А у меня на языке крутился, аж прижигал самый кончик этого самого языка наиглавнейший, давно мучивший меня вопрос. И держать этот вопрос в себе не было уже никакой мочи. Вот и выпалил я его, как говорится, из всех стволов:
— Так кто ж он такой, этот самый Савоська?!
А дед как будто ждал этого. Он плеснул кипяточку из большого эмалированного чайника в мою и свою чашки, погладил меня по голове и с тоской глянул на початую бумажную пачку махорки, что сиротливо лежала на подоконнике. А мне этот взгляд и не надо было разъяснять, как в бабушкиной игре «душа в душу», все понял без слов.
— Пойдем, дед, на крыльцо, ты там покуришь, да и про Савоську мне расскажешь.
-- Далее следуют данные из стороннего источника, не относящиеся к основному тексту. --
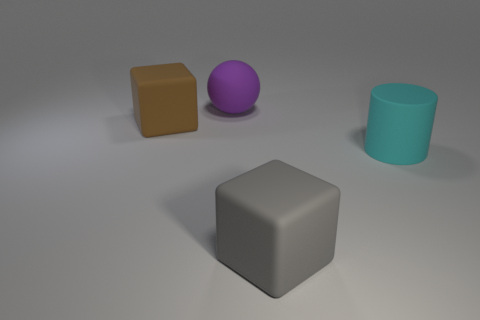What number of rubber objects are either balls or gray blocks?
Offer a terse response. 2. How big is the rubber sphere?
Make the answer very short. Large. There is a cube that is behind the matte cylinder; is there a large purple ball that is to the right of it?
Offer a very short reply. Yes. Do the purple object and the gray matte object have the same shape?
Your answer should be compact. No. There is a large cyan thing that is made of the same material as the big gray thing; what shape is it?
Provide a succinct answer. Cylinder. Are there more big rubber objects that are behind the large gray block than brown cubes that are left of the big brown rubber block?
Your response must be concise. Yes. What number of gray rubber cubes are to the right of the big thing behind the brown matte cube?
Ensure brevity in your answer.  1. There is a thing that is both in front of the brown block and to the left of the big matte cylinder; what material is it?
Your answer should be very brief. Rubber. How many big cyan objects have the same shape as the large brown thing?
Offer a very short reply. 0. There is a big block that is right of the large rubber block on the left side of the purple ball; what number of rubber things are behind it?
Provide a short and direct response. 3.

— И то верно, — он сразу же согласился, и через минуту наша неразлучная парочка чинно восседала на крыльце — дед с громадной, источающей приятный мне горько-сладкий дымок самокруткой, а я с большой фарфоровой чашкой, наполовину наполненной сладким душистым чаем.
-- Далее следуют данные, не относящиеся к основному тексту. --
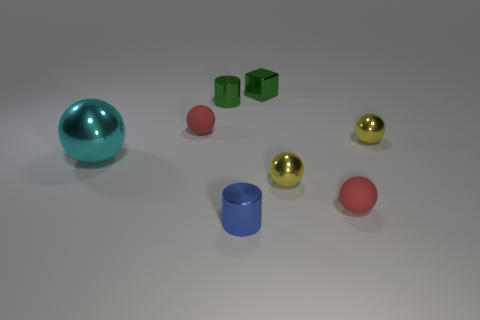How many small objects are either shiny spheres or matte things?
Provide a succinct answer. 4. There is a cube that is made of the same material as the big cyan ball; what is its color?
Your answer should be compact. Green. Is the shape of the rubber thing that is in front of the big cyan metallic sphere the same as the red matte object that is to the left of the tiny blue object?
Your answer should be compact. Yes. What number of rubber objects are either green cylinders or big gray objects?
Keep it short and to the point. 0. What is the material of the tiny object that is the same color as the metallic cube?
Ensure brevity in your answer.  Metal. Is there any other thing that is the same shape as the small blue thing?
Provide a short and direct response. Yes. What material is the tiny red ball in front of the big sphere?
Make the answer very short. Rubber. Is the material of the tiny red sphere on the right side of the green metallic block the same as the small cube?
Keep it short and to the point. No. What number of objects are either large green matte blocks or shiny balls that are in front of the big cyan object?
Give a very brief answer. 1. There is a green object that is the same shape as the tiny blue thing; what size is it?
Keep it short and to the point. Small.

— Было это на исходе Гражданской войны, — начал свой рассказ дед, — мне тогда девять годков стукнуло. Помню, зима в тот год выдалась шибко снежная да морозная. У нас в селе квартировал кавалерийский красноармейский полк. Красногвардейцы расселились по хатам, а в каждой конюшне, коровнике либо в сарае домашний скот потеснили буденновские боевые кони. Жилось тогда и без того не сытно, но люди не роптали, ждали весны как избавления от военного лихолетья и чем могли помогали красноармейцам. И служил в том полку парнишка один, с виду мой ровесник. Был он на голову выше меня, да и в плечах поширше, из-под его буденовки выглядывал густой чуб цвета спелого льна, а глаза были такой удивительной голубизны, что это издаля было заметно.